I was at a nine. I had gone from a six to a nine in half an hour! That is insanity!
Doctor comes in, tells me to push, I start pushing. I reached down every few seconds and poked or pinched my legs to make sure I still had feeling in them; I did. There was some tingling in my feet, but other than that, the epidural hadn't spread. Everything happened so fast. I could also feel the stretching and the flexing of muscles I didn't know I had. Four pushes later, my princess's head is out, and Steven is gently pulling the rest of her body. It was amazing.

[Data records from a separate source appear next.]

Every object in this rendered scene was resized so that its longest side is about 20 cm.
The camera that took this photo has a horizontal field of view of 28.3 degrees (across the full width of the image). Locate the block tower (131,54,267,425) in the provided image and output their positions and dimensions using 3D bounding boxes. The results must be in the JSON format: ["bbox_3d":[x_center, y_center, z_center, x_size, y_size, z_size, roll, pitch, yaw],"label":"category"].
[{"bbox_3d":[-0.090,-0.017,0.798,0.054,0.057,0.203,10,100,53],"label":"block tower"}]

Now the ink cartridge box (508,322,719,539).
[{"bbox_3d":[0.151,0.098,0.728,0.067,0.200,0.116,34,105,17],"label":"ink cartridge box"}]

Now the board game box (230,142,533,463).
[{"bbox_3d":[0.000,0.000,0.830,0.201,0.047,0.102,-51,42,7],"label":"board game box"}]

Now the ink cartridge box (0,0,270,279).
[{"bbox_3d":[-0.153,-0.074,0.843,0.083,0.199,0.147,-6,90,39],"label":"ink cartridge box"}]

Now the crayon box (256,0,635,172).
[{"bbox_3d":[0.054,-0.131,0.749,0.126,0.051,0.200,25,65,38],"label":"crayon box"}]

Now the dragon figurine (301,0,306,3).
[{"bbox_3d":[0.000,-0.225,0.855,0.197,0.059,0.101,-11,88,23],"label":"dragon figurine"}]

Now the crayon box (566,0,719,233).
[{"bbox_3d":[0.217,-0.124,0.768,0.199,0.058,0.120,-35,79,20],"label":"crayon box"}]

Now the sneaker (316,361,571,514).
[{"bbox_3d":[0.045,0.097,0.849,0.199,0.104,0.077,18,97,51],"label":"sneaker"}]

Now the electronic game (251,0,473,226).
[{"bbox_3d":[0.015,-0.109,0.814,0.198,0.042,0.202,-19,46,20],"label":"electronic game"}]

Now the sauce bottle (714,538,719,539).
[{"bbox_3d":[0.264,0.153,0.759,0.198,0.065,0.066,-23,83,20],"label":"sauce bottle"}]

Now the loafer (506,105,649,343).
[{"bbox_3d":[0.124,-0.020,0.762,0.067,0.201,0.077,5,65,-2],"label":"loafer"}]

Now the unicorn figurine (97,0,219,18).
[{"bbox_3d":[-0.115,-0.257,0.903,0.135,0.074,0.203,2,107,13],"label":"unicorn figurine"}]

Also amazing is this, as soon as her little body was out, my legs went numb, and then the rest of my body up to my belly button. I say amazing, because even though they turned it off right away, I felt NO PAIN during the after-contractions.
Kjel was an angel from the moment she came into the world. She just wanted to be held and to nurse. Gage loved her right away, and wanted to know why "him's arms is blue" (the cord was a little bit wrapped around her neck, so she was slightly bluish). She stole Steven's heart the second he caught her slippery little body.
I learned a lot from this whole experience. I am so glad that from the beginning I knew what I wanted in the delivery room, because even though things didn't go according to my plan, I know that they followed a much greater plan than mine, and that the preparation that I had done to bring my plan to fruition, helped make things a lot easier than they would've been. Does that make sense?
If I could do every birth like Kjel's, I totally would. I hate pain - I never wanted to do this naturally because I wanted to feel pain or be a soldier - not feeling the after-contractions was a huge blessing, because nothing bugs me more than being in pain when I have something important to do, and in this case, the important thing was to hold my girl and tell her over and over again that she was finally with us and that we love her so much.
That night she was in my arms, nursing and dozing off every few seconds. I thought about her little spirit. I believe that we all existed before this life, and that we will continue to exist after this life. I felt how sweet and good she is - not just as a baby, but as a spirit in an adorable body. I thought about how long I feel that I've waited for her - it's felt like an eternity. But then I realized that it's been far longer for her; she has been waiting to come to earth, to fingerprint this world with the good things she will do.
I know that families are eternal and I also know that raising my sweet kids to be kind and full of integrity is the absolute best and most important thing I will ever do in my life. I love being a mom. It is my calling and purpose in life and I am forever in love and so grateful to Steven for being my main man.